The second half covers: 1. Position embeddings. 2. The full transformer block (attention + FFN + residuals + LayerNorm). 3. Stacking blocks. 4. Training loop. 5. Sampling.

By the end you have ~250 lines of code that train a transformer on Shakespeare and produce vaguely Shakespeare-like text.

Part 3-Train longer, sample (~30 min)¶

Run training for at least 5000 iterations. Save a checkpoint. Sample 500 characters at temperature 1. Compare to bigram and MLP-LM samples from W01-qualitative jump should be obvious.

Common pitfalls in Session B¶

Subtle off-by-one in causal masking. Easy to mask the wrong way; loss looks fine but model "cheats." Compare your mask to Karpathy's.
Forgetting to detach context tensors during sampling. Causes memory blowup.
Wrong scale on attention scores. If loss flatlines at log(vocab_size), your scaling or softmax is off.

Output of Session B¶

05-attention.ipynb and 06-full-gpt.ipynb working.
Trained Shakespeare model.
500-character sample committed to README.

Session C-Modifications and self-test¶

Goal: Modify the transformer in 3 ways and observe effects. Self-test that you understand each piece.

Part 1-Three modifications (90 min)¶

Modification 1: Embedding dimension. Double n_embd from 64 to 128 (or whatever your default). Train. Compare validation loss.
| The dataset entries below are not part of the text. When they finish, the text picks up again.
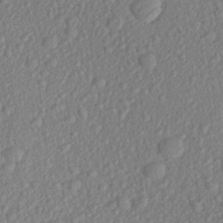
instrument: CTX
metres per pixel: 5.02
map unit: Aa
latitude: 27.7072
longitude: -143.8206
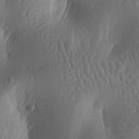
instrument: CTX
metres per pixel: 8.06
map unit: lAa
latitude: -7.0108
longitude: -128.3656
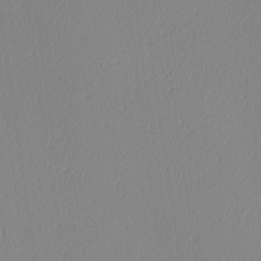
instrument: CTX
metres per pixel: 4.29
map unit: Ave
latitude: 2.8191
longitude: -114.8191
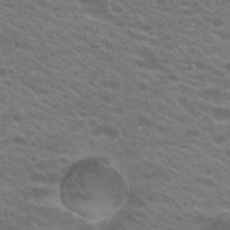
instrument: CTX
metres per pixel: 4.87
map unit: Hto
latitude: 22.1200
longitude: -37.5182
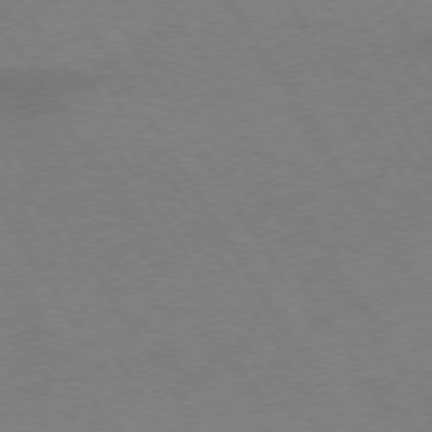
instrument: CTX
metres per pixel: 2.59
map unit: lApd
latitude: 72.7058
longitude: -57.7071
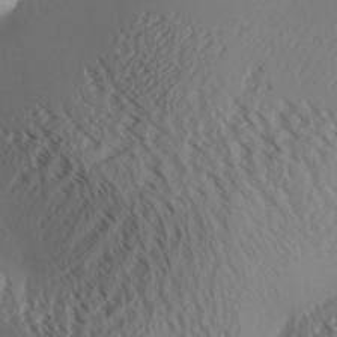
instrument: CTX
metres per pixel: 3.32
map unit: Aa
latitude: 31.3860
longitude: -141.6504
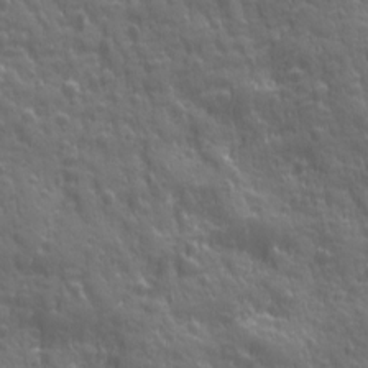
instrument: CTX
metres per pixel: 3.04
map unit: Ave
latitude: 12.4034
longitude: -104.3279
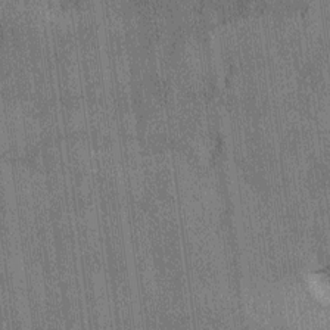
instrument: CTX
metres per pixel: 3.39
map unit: HNhu
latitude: 0.5357
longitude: -5.9906
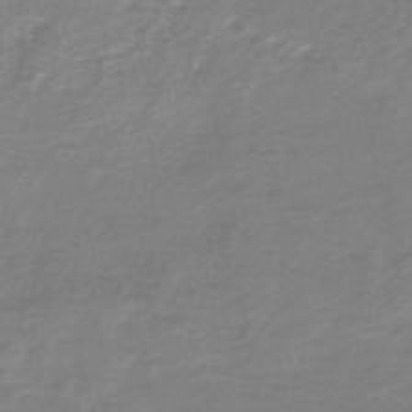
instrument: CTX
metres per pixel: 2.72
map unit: HNb
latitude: -46.4629
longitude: 52.9730
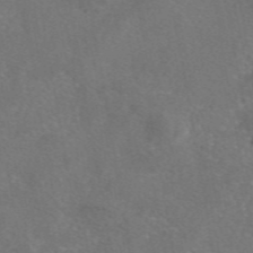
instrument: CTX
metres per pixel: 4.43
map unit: eAb
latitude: 47.6127
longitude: 109.0108
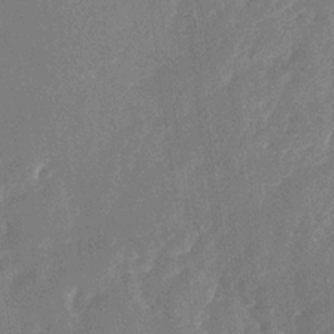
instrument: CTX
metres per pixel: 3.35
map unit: Nhu
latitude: -28.6519
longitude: -75.1781
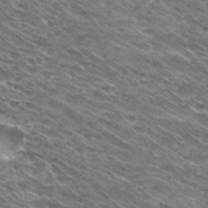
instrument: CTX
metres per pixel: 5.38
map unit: Hto
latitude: 30.7625
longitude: -46.3090
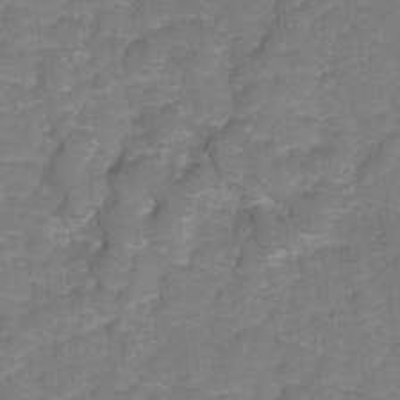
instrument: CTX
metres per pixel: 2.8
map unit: Hto
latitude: 5.4804
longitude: -31.4238
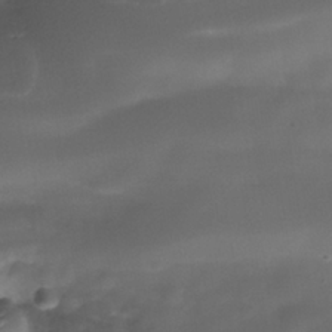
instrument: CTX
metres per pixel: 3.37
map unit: Nhe
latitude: -38.6330
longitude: -118.8758
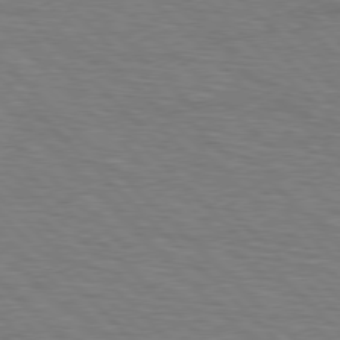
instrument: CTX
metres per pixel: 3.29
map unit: Hpe
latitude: 77.2159
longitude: -151.5560
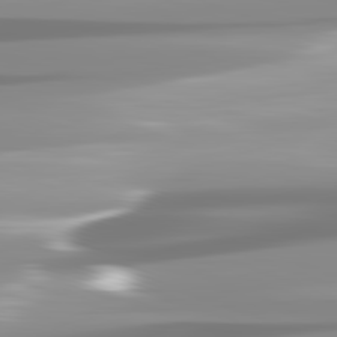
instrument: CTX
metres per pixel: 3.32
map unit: lApd
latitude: 82.1577
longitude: -139.4615
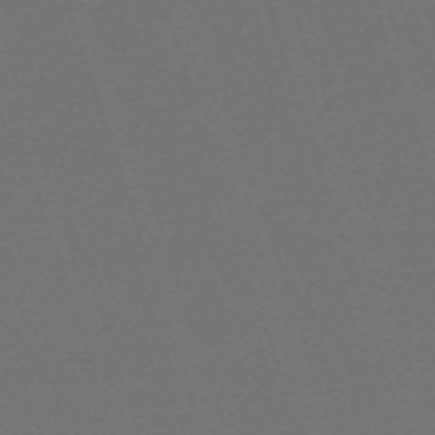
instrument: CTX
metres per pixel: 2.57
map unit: eHh
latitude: -63.7288
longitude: 52.1416
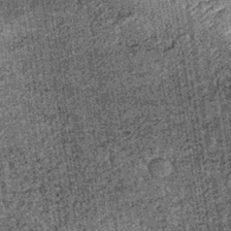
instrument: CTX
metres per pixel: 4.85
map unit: lHb
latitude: -38.4629
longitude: 67.4455
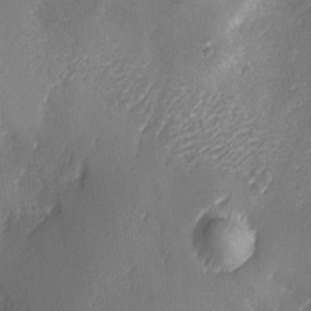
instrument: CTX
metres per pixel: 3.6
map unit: Ave
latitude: -6.7652
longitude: -120.1767
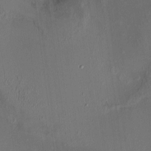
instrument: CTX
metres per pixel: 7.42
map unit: HNhu
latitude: 7.3293
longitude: 7.7855
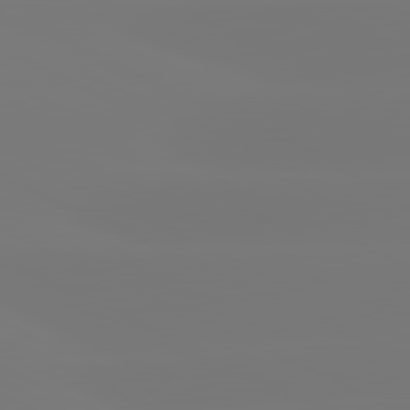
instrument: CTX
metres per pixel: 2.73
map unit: lApd
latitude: 81.2726
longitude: -148.2900
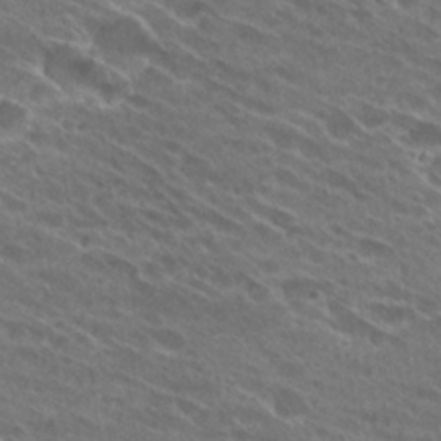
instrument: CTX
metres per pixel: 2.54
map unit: Hto
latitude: 27.3482
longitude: -42.5546
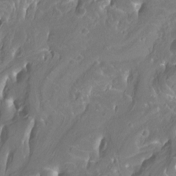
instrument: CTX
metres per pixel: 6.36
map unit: Htu
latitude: -12.4629
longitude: -71.5560
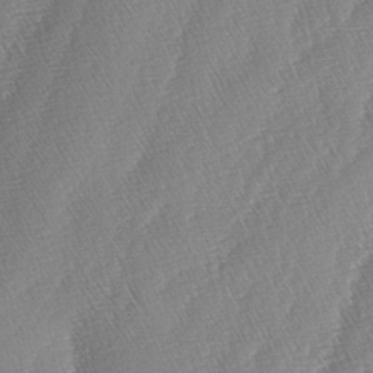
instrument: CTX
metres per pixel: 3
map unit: lAa
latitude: -4.4629
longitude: -129.7072
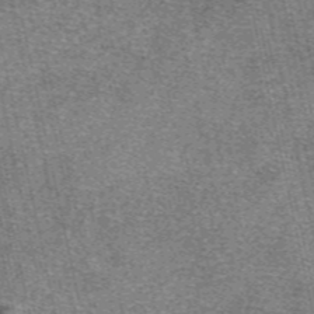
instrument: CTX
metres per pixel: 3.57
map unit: eAb
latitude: 48.1767
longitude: 104.9352
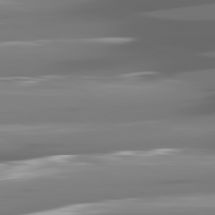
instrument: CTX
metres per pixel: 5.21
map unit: lApd
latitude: 81.3293
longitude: -141.5182
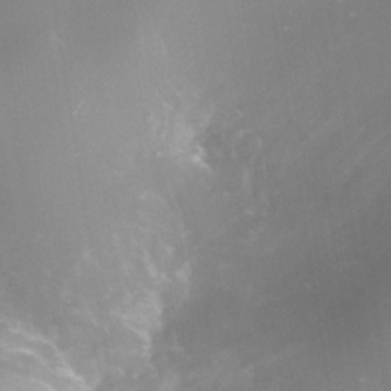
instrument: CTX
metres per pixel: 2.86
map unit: Nhe
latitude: -37.7666
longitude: -112.5735
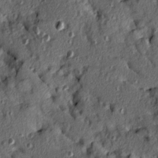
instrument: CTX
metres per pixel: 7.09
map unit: Ave
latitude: 10.2712
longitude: -101.9906
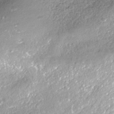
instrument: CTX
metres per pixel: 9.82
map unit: ANa
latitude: -38.4440
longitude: 97.6911
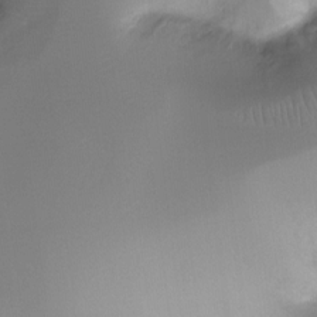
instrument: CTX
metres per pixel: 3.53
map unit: Ht
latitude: -16.1984
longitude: -45.6127
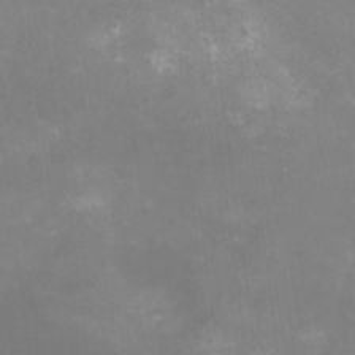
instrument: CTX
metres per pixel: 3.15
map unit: Nhu
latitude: -16.1039
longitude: -56.2900
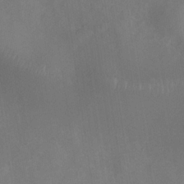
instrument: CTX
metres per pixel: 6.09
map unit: Nhe
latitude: -33.6533
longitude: -87.5749
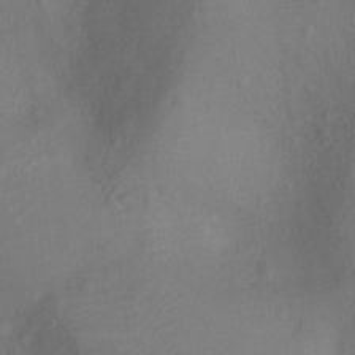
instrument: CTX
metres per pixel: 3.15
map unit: Ht
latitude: -11.2943
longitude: -22.1389
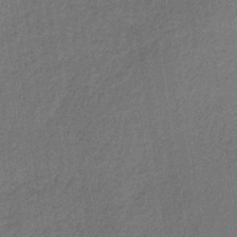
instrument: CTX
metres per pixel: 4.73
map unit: lHb
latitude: -34.7841
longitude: 62.7085
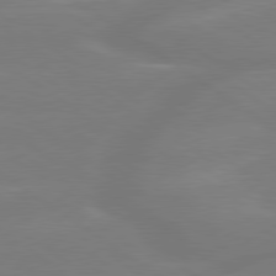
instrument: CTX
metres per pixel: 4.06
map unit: lApd
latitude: 79.4238
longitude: -142.7246
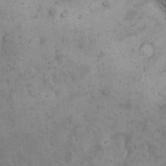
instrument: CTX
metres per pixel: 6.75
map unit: Hto
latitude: 13.8772
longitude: -56.0444
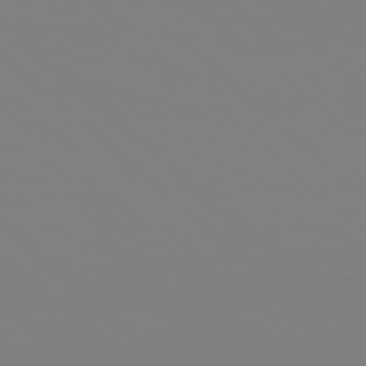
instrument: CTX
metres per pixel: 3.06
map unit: Hpe
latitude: 78.3468
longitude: 178.5573
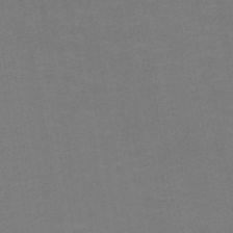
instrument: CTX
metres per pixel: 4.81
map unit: HNb
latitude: -49.1620
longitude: -46.2334
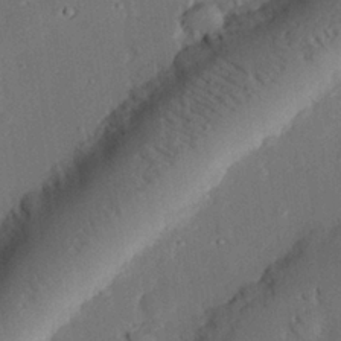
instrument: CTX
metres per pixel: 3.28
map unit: eHh
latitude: 27.1592
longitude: -81.1403
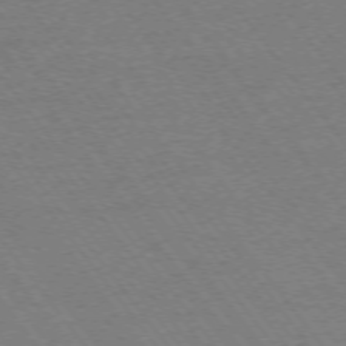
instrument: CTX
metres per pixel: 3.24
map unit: Ap
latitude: -74.7652
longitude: -82.3656
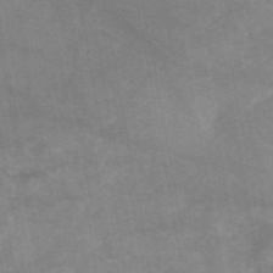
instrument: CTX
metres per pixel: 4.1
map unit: HNb
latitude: -55.9556
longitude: -39.8583
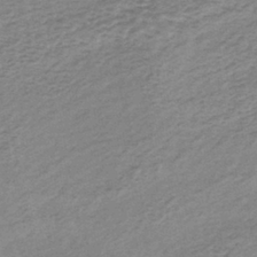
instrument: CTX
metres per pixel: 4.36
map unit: lHb
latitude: -40.3117
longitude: 71.9745
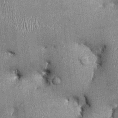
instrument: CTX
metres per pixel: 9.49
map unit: Ht
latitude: -2.5384
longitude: -12.9325
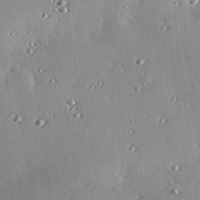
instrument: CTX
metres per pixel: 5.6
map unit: eHh
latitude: 23.7072
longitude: -90.5924
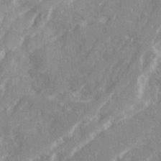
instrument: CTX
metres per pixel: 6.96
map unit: Ave
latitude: 21.1970
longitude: -130.7625
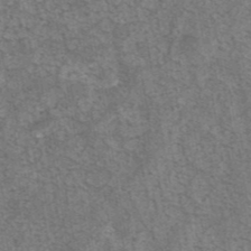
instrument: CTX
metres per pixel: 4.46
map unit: eAb
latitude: 42.2712
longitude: 105.5399
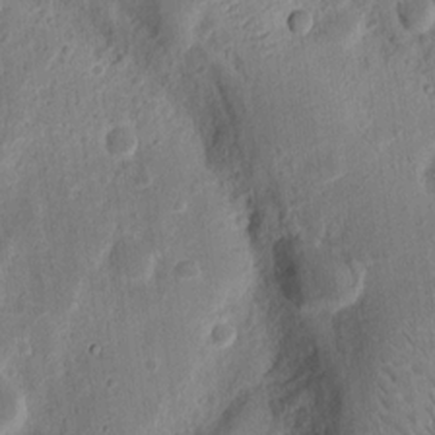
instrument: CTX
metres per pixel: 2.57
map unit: Ht
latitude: 11.1214
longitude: -74.9325
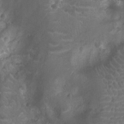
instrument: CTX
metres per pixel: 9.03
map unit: Nhu
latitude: -10.1984
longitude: -21.3860
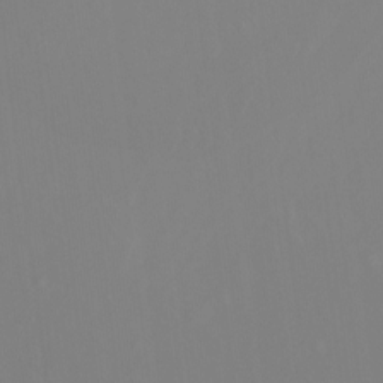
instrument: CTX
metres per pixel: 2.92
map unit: Ht
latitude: -14.1039
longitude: -56.8380
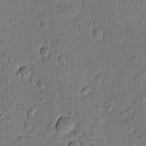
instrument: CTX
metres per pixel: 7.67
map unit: lAvf
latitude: 8.5357
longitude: 165.4455
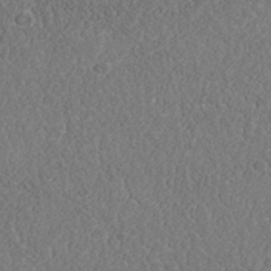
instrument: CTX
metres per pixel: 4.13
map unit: Nhu
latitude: -39.8800
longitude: -84.4223
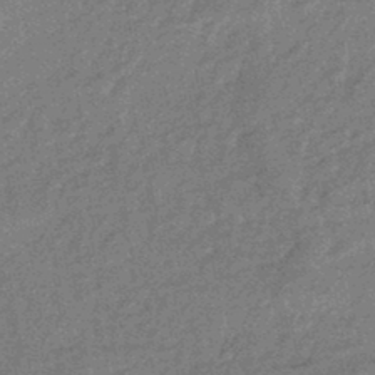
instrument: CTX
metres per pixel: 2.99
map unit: eHb
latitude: -44.5007
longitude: 88.5951
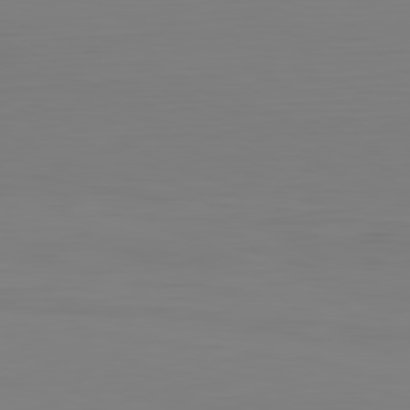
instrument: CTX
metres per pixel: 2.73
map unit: Hpe
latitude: -82.1795
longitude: 8.7841
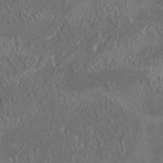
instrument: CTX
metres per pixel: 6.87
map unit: HNhu
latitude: 5.6505
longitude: 13.0298
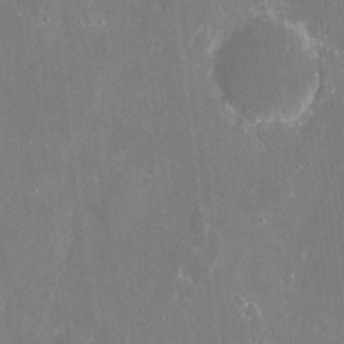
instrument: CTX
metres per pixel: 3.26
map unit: eHh
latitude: 8.5168
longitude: -70.5923
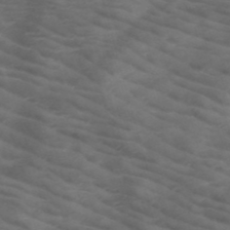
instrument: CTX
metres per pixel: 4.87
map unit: HNb
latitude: -50.3306
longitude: -46.4034
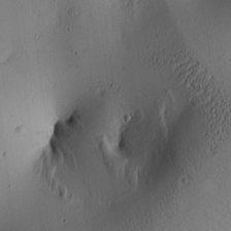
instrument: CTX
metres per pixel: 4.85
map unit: lAa
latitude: 6.0444
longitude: -113.6505
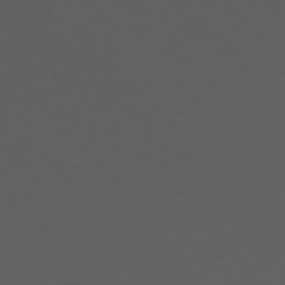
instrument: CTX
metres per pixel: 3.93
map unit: Hpe
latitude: 77.8016
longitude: -169.8961
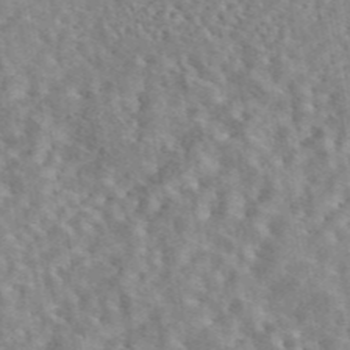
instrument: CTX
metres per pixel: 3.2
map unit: eAb
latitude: 44.7624
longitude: 116.7085
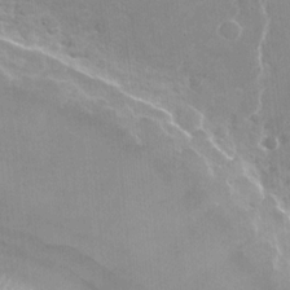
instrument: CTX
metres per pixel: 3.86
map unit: Nhu
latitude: -27.3320
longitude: -61.5938
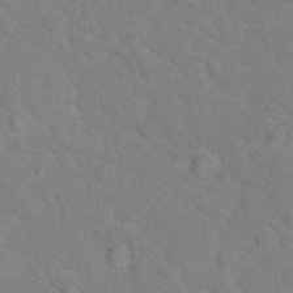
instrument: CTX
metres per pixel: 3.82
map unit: Hto
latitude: 17.7639
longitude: -36.4412
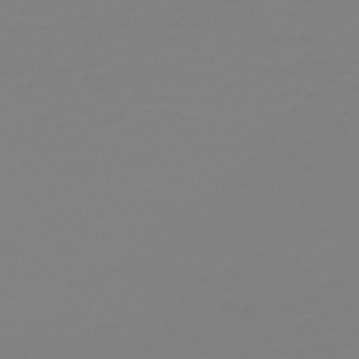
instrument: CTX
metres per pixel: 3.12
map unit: HNb
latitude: -54.2740
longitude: -50.5167
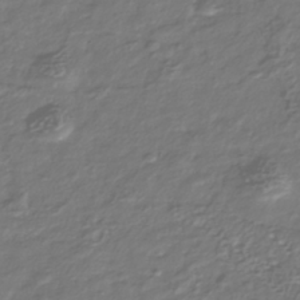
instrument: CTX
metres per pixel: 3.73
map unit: Nhu
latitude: -39.7100
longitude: -81.6316
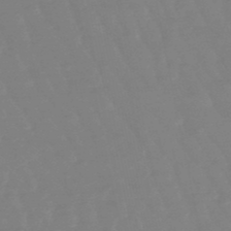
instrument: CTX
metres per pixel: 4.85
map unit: lHb
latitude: -49.1242
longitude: 77.8800
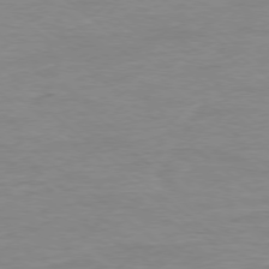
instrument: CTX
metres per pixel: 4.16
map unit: Ap
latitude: -78.4062
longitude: -89.2348
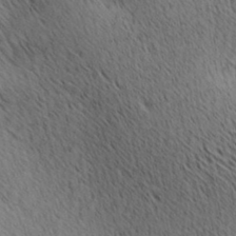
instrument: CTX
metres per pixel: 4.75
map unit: lAa
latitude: 10.5546
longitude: -108.1577
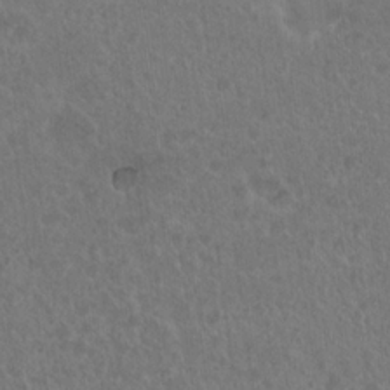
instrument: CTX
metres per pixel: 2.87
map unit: Hto
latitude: 19.4426
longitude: -40.1388
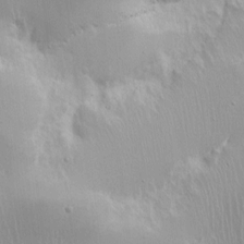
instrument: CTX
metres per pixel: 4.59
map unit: Nhe
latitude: -2.1794
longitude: -59.4049
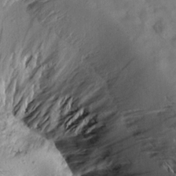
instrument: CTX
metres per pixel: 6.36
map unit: Aa
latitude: 9.5182
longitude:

Modification 2: Number of layers. Double n_layer. Train. Compare.

Modification 3: Activation swap. Replace nn.ReLU in the FFN with nn.GELU. Train. Compare.

For each, log to W&B. Capture loss curves on the same plot.

Part 2-Self-test, no notes (45 min)¶

Open a fresh file. From a blank page: 1. Implement scaled dot-product attention in <30 lines. 2. Implement multi-head attention as a single batched matmul (no for-loops). 3. Implement causal masking using torch.tril. 4. Implement a transformer block (attention + FFN + residual + LayerNorm pre-norm style).

If you can do these in 60 minutes, you've absorbed the lecture. If not, re-watch the relevant section.

Part 3-Push, document, retro (45 min)¶

Push everything to repo. README has architecture diagram, sample text, modification results.
Update LEARNING_LOG.md with: "Three things I learned that the paper didn't say."
Read M03-W03.md to prep for nanoGPT week.

Output of Session C¶

Three modification experiments logged to W&B.
Self-test code in a fresh file.
Repo updated.

End-of-week artifact¶

Working transformer LM on Tiny Shakespeare
Three modification experiments compared in W&B
Self-test passing (implement attention from scratch in 60 min)
Sample text committed to README
Architecture diagram in README

End-of-week self-assessment¶

I can implement self-attention from a blank file in 30 minutes.
I can explain why we scale by √dₖ.
I can explain why causal masking enables parallel training.
I can read any transformer paper and follow the architecture sections.
I feel like the transformer is now a glass box.

Common failure modes for this week¶

Splitting Saturday across days. The 5-hour block is the point. Connection between concepts requires uninterrupted attention.
Pasting Karpathy's code. Type it all. The fingertips are part of how this learns.
Skipping the self-test. It's the proof. Without it, you don't know what you know.

What's next (preview of M03-W03)¶

nanoGPT-production-style transformer reference implementation. You'll reproduce it on TinyStories or OpenWebText. Plus Karpathy's tokenizer lecture demystifies why LLMs fail at character counting.